ModSecurity is an efficient firewall for Apache web servers that is used to stop attacks toward web applications. It tracks the HTTP traffic to a given site in real time and blocks any intrusion attempts the moment it discovers them. The firewall uses a set of rules to accomplish that - for instance, attempting to log in to a script administration area unsuccessfully many times triggers one rule, sending a request to execute a specific file which may result in getting access to the Internet site triggers a different rule, etcetera. ModSecurity is amongst the best firewalls around and it will preserve even scripts that are not updated often since it can prevent attackers from employing known exploits and security holes. Quite detailed info about each intrusion attempt is recorded and the logs the firewall maintains are a lot more comprehensive than the regular logs created by the Apache server, so you may later analyze them and determine whether you need to take more measures in order to improve the security of your script-driven Internet sites.
ModSecurity in Cloud Website Hosting
ModSecurity is provided with all cloud website hosting servers, so if you choose to host your Internet sites with our business, they shall be shielded from a wide range of attacks. The firewall is turned on by default for all domains and subdomains, so there will be nothing you will have to do on your end. You'll be able to stop ModSecurity for any Internet site if needed, or to activate a detection mode, so that all activity will be recorded, but the firewall will not take any real action. You will be able to view specific logs from your Hepsia CP including the IP where the attack came from, what the attacker wanted to do and how ModSecurity addressed the threat. As we take the protection of our clients' sites very seriously, we employ a group of commercial rules which we take from one of the best companies that maintain this type of rules. Our admins also include custom rules to make sure that your websites shall be resistant to as many risks as possible.

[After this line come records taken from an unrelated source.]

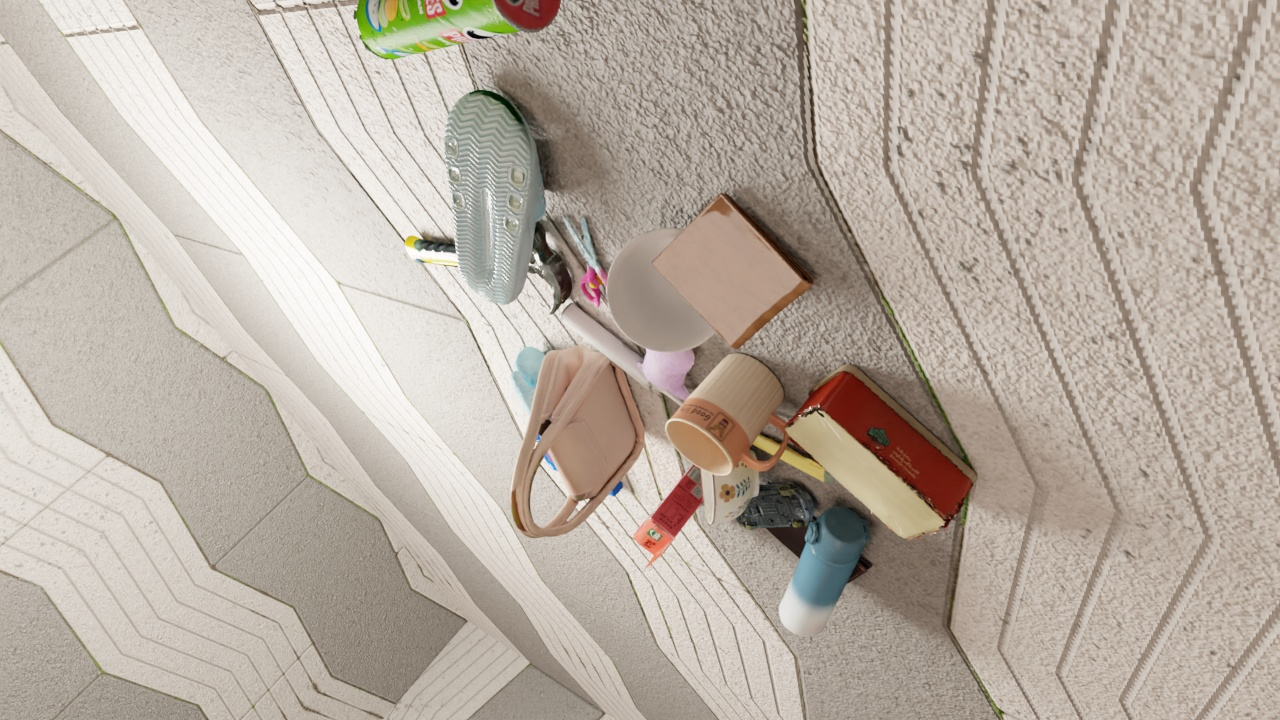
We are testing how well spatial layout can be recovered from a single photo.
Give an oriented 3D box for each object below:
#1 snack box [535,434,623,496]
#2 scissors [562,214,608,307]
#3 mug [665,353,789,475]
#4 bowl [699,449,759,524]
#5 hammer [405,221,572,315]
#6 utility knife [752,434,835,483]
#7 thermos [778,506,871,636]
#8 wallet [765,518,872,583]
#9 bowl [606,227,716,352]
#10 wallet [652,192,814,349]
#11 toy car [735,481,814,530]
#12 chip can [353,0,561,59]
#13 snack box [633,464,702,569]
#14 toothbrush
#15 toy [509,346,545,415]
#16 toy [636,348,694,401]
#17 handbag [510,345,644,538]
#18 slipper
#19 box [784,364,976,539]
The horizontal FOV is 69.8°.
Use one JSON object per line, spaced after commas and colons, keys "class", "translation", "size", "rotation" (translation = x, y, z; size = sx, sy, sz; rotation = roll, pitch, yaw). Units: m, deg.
{"class": "snack box", "translation": [-0.105, 0.164, 1.490], "size": [0.157, 0.026, 0.084], "rotation": [17, 145, 41]}
{"class": "scissors", "translation": [-0.046, -0.104, 1.015], "size": [0.096, 0.017, 0.137], "rotation": [28, 147, 29]}
{"class": "mug", "translation": [0.102, 0.063, 0.960], "size": [0.114, 0.105, 0.082], "rotation": [32, 153, 19]}
{"class": "bowl", "translation": [0.107, 0.136, 1.096], "size": [0.062, 0.113, 0.114], "rotation": [-5, 147, -3]}
{"class": "hammer", "translation": [-0.202, -0.127, 1.174], "size": [0.324, 0.031, 0.126], "rotation": [12, 141, 45]}
{"class": "utility knife", "translation": [0.151, 0.100, 1.052], "size": [0.173, 0.018, 0.031], "rotation": [23, 144, 32]}
{"class": "thermos", "translation": [0.219, 0.256, 1.111], "size": [0.070, 0.070, 0.221], "rotation": [31, 142, 21]}
{"class": "wallet", "translation": [0.222, 0.235, 1.162], "size": [0.122, 0.020, 0.097], "rotation": [40, 149, 6]}
{"class": "bowl", "translation": [0.029, -0.071, 0.888], "size": [0.118, 0.118, 0.064], "rotation": [44, -167, -5]}
{"class": "wallet", "translation": [0.081, -0.079, 0.822], "size": [0.115, 0.020, 0.101], "rotation": [46, 124, -3]}
{"class": "toy car", "translation": [0.161, 0.177, 1.127], "size": [0.121, 0.036, 0.054], "rotation": [-12, 104, 47]}
{"class": "chip can", "translation": [-0.166, -0.310, 0.800], "size": [0.236, 0.072, 0.072], "rotation": [12, 141, 47]}
{"class": "snack box", "translation": [0.039, 0.213, 1.254], "size": [0.044, 0.126, 0.113], "rotation": [39, 153, 5]}
{"class": "toothbrush", "translation": [-0.007, 0.006, 1.114], "size": [0.221, 0.026, 0.026], "rotation": [38, -164, 8]}
{"class": "toy", "translation": [-0.137, 0.035, 1.249], "size": [0.161, 0.050, 0.156], "rotation": [42, -157, -56]}
{"class": "toy", "translation": [0.032, 0.003, 1.042], "size": [0.084, 0.038, 0.108], "rotation": [35, 151, 14]}
{"class": "handbag", "translation": [-0.091, 0.119, 1.164], "size": [0.093, 0.233, 0.193], "rotation": [8, 142, 27]}
{"class": "slipper", "translation": [-0.147, -0.169, 0.981], "size": [0.104, 0.074, 0.246], "rotation": [23, 133, 17]}
{"class": "box", "translation": [0.222, 0.095, 0.877], "size": [0.168, 0.079, 0.091], "rotation": [42, 153, 1]}
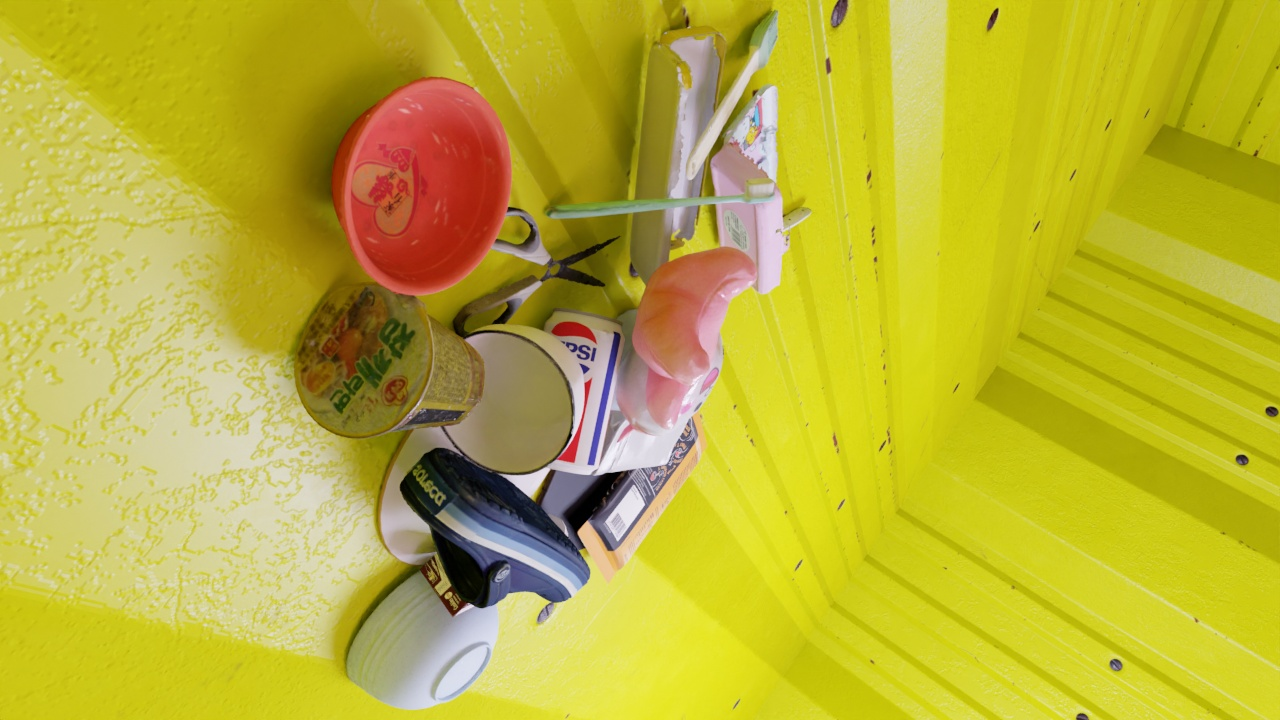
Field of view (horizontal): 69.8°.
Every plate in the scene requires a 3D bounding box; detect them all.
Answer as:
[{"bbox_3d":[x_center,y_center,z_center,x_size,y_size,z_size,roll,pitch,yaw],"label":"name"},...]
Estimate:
[{"bbox_3d":[-0.133,0.090,0.816,0.229,0.021,0.230,-39,148,-31],"label":"plate"}]

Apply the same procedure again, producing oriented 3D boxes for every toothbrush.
[{"bbox_3d":[0.139,-0.136,1.035,0.188,0.016,0.017,-35,155,-37],"label":"toothbrush"},{"bbox_3d":[0.016,-0.125,0.717,0.180,0.016,0.017,-6,128,-1],"label":"toothbrush"}]

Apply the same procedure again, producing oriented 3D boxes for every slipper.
[{"bbox_3d":[-0.128,0.147,0.751,0.095,0.105,0.253,-47,149,-8],"label":"slipper"}]

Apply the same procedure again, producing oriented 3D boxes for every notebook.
[{"bbox_3d":[-0.060,0.128,0.992,0.141,0.008,0.209,-2,121,-58],"label":"notebook"}]

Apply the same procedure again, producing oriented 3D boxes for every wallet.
[{"bbox_3d":[-0.003,0.081,0.987,0.116,0.032,0.086,0,123,-49],"label":"wallet"}]

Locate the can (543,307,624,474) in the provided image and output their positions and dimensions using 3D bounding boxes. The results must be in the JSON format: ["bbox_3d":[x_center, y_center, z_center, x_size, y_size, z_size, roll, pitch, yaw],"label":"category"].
[{"bbox_3d":[-0.058,0.026,0.783,0.070,0.070,0.132,18,83,-62],"label":"can"}]

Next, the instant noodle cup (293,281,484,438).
[{"bbox_3d":[-0.158,0.006,0.617,0.102,0.102,0.108,-58,162,1],"label":"instant noodle cup"}]

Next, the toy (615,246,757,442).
[{"bbox_3d":[0.030,-0.008,0.791,0.141,0.084,0.213,-61,173,-21],"label":"toy"}]

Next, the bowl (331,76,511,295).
[{"bbox_3d":[-0.139,-0.108,0.557,0.130,0.045,0.131,-33,133,-44],"label":"bowl"}]

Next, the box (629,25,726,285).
[{"bbox_3d":[0.037,-0.161,0.764,0.083,0.080,0.211,-17,137,-25],"label":"box"}]

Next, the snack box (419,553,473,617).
[{"bbox_3d":[-0.137,0.188,0.849,0.032,0.051,0.140,-44,165,19],"label":"snack box"}]

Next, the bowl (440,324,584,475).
[{"bbox_3d":[-0.094,0.024,0.707,0.065,0.116,0.116,-46,158,-67],"label":"bowl"}]

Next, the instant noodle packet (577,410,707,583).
[{"bbox_3d":[0.010,0.149,1.091,0.220,0.032,0.160,-52,152,-21],"label":"instant noodle packet"}]

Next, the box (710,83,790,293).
[{"bbox_3d":[0.122,-0.160,0.884,0.103,0.101,0.201,-42,160,-8],"label":"box"}]

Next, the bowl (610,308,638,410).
[{"bbox_3d":[-0.005,0.005,0.907,0.106,0.039,0.106,-39,143,-38],"label":"bowl"}]

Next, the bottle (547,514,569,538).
[{"bbox_3d":[-0.091,0.207,0.968,0.041,0.041,0.116,-44,150,-25],"label":"bottle"}]

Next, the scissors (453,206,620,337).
[{"bbox_3d":[-0.084,-0.070,0.721,0.169,0.012,0.157,-44,151,-9],"label":"scissors"}]

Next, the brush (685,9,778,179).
[{"bbox_3d":[0.079,-0.226,0.774,0.033,0.012,0.217,80,31,-51],"label":"brush"}]

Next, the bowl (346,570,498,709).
[{"bbox_3d":[-0.186,0.264,0.847,0.150,0.075,0.151,-39,150,-28],"label":"bowl"}]
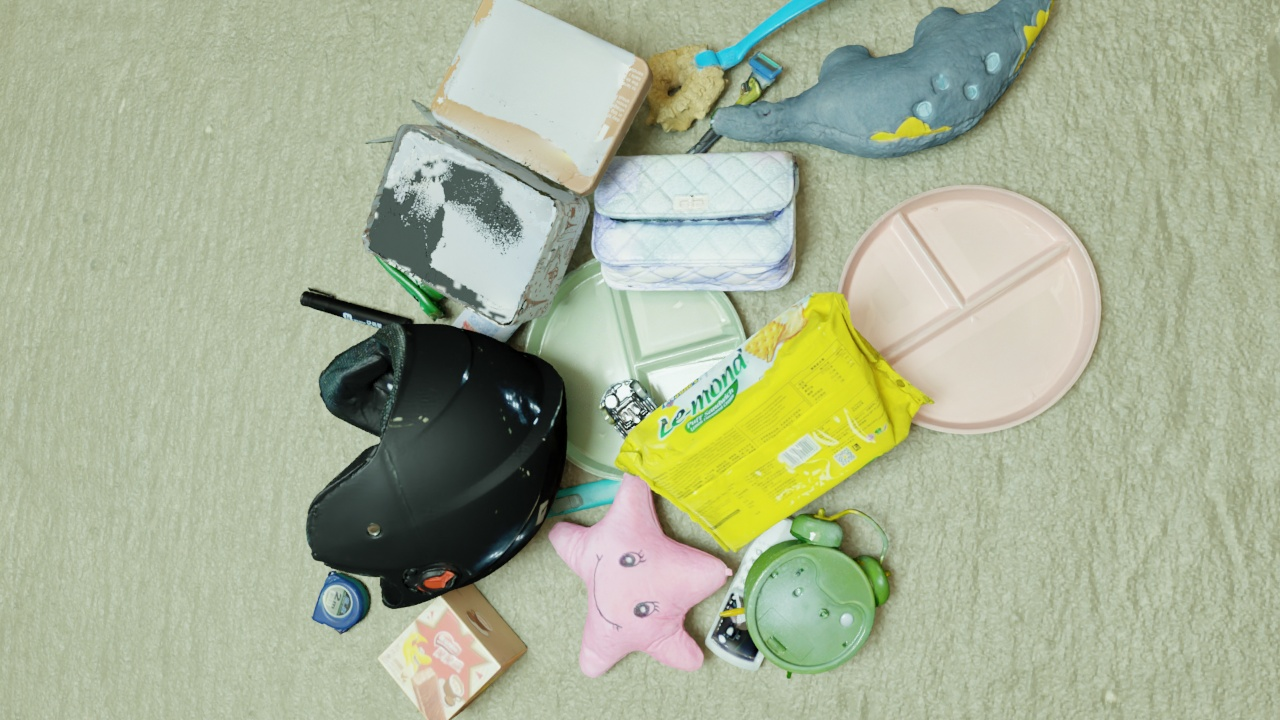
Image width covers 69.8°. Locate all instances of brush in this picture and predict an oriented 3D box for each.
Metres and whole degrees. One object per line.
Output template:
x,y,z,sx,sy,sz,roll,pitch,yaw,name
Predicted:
0.105,-0.307,0.881,0.255,0.045,0.083,-28,71,22,brush

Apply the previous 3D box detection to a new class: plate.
-0.005,0.005,0.914,0.230,0.027,0.230,-1,86,13,plate
0.298,-0.047,0.847,0.230,0.028,0.229,-1,86,12,plate

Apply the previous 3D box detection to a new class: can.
-0.141,-0.054,0.927,0.053,0.053,0.135,46,107,11,can

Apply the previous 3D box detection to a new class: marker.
-0.307,-0.053,0.992,0.132,0.020,0.022,16,74,14,marker

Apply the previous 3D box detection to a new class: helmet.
-0.185,0.097,0.851,0.230,0.233,0.275,-1,124,-13,helmet

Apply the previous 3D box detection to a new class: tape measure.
-0.316,0.257,0.973,0.054,0.025,0.058,21,95,12,tape measure

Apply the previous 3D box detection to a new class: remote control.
0.116,0.220,0.877,0.058,0.021,0.150,24,92,13,remote control

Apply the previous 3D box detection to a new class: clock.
0.160,0.206,0.835,0.116,0.056,0.161,44,90,-8,clock

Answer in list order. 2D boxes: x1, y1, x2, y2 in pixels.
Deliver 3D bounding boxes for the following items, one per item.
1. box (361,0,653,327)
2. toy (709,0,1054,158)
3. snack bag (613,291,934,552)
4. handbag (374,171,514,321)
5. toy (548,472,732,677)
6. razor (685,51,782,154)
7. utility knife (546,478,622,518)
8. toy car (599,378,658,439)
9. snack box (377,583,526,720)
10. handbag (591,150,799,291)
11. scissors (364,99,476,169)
-0.123,-0.184,0.829,0.178,0.088,0.262,30,108,12,box
0.242,-0.255,0.841,0.357,0.091,0.137,-21,71,9,toy
0.119,0.064,0.810,0.247,0.068,0.158,-39,116,16,snack bag
-0.203,-0.121,0.946,0.131,0.068,0.120,-39,79,8,handbag
0.002,0.203,0.875,0.179,0.074,0.194,-14,84,20,toy
0.085,-0.239,0.911,0.143,0.022,0.042,-48,44,11,razor
-0.083,0.146,0.931,0.193,0.013,0.029,-15,83,12,utility knife
0.006,0.064,0.876,0.049,0.031,0.105,-40,90,7,toy car
-0.186,0.292,0.914,0.094,0.077,0.093,-45,78,6,snack box
0.053,-0.137,0.871,0.194,0.076,0.134,0,64,8,handbag
-0.199,-0.231,0.947,0.177,0.014,0.159,-7,46,2,scissors
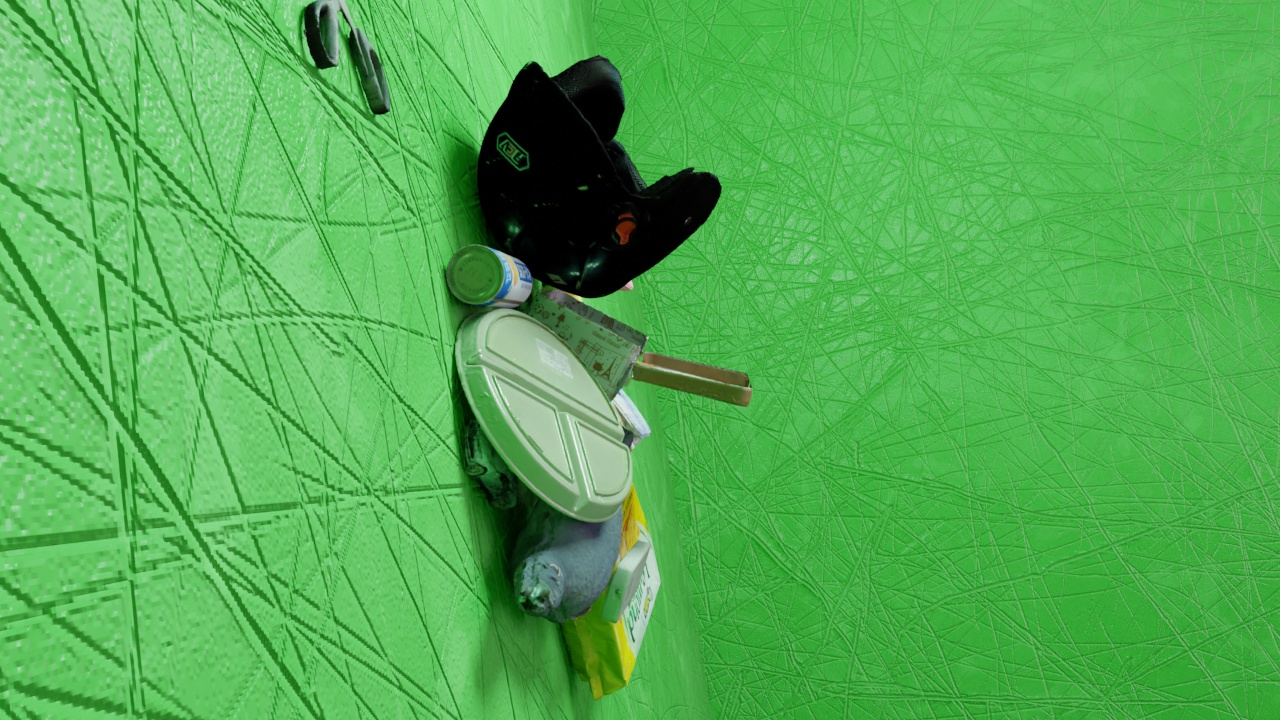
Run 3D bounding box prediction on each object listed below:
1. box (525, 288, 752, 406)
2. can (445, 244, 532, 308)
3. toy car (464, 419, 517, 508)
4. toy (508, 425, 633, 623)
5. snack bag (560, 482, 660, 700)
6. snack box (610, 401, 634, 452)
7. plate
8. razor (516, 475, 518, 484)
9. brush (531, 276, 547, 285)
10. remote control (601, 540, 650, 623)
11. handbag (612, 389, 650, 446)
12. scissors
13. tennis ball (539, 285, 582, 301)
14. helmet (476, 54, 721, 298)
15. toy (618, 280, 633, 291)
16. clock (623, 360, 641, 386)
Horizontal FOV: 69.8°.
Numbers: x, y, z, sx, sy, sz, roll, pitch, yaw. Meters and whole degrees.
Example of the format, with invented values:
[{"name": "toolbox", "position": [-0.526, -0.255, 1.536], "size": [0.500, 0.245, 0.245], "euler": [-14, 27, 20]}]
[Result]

ModSecurity in Semi-dedicated Hosting
We've included ModSecurity as a standard within all semi-dedicated hosting plans, so your web apps will be protected whenever you set them up under any domain or subdomain. The Hepsia Control Panel which comes with the semi-dedicated accounts will allow you to enable or turn off the firewall for any Internet site with a click. You shall also have the ability to turn on a passive detection mode with which ModSecurity shall keep a log of possible attacks without really preventing them. The detailed logs include the nature of the attack and what ModSecurity response that attack initiated, where it came from, and so on. The list of rules which we use is constantly updated as to match any new threats which may appear on the Internet and it consists of both commercial rules that we get from a security corporation and custom-written ones that our administrators add in the event that they discover a threat which is not present within the commercial list yet.
ModSecurity in VPS
ModSecurity is pre-installed on all virtual private servers that are provided with the Hepsia hosting Control Panel, so your web programs shall be secured from the instant your server is ready. The firewall is activated by default for any domain or subdomain on the VPS, but if necessary, you can deactivate it with a mouse click via the corresponding section of Hepsia. You can also set it to work in detection mode, so it'll maintain a comprehensive log of any potential attacks without taking any action to prevent them. The logs can be found inside the exact same section and include information regarding the nature of the attack, what IP address it originated from and what ModSecurity rule was triggered to stop it. For maximum security, we employ not only commercial rules from a company working in the field of web security, but also custom ones our administrators add personally so as to respond to new threats that are still not dealt with in the commercial rules.
ModSecurity in Dedicated Hosting
All our dedicated servers which are set up with the Hepsia hosting CP feature ModSecurity, so any application you upload or set up shall be secured from the very beginning and you'll not have to worry about common attacks or vulnerabilities. A separate section within Hepsia will allow you to start or stop the firewall for every domain or subdomain, or turn on a detection mode so that it records information regarding intrusions, but doesn't take actions to prevent them. What you will discover in the logs can allow you to to secure your Internet sites better - the IP address an attack originated from, what website was attacked and how, what ModSecurity rule was triggered, etcetera. With this information, you could see if an Internet site needs an update, whether you should block IPs from accessing your hosting server, etcetera. Aside from the third-party commercial security rules for ModSecurity that we use, our admins add custom ones as well whenever they find a new threat which is not yet in the commercial bundle.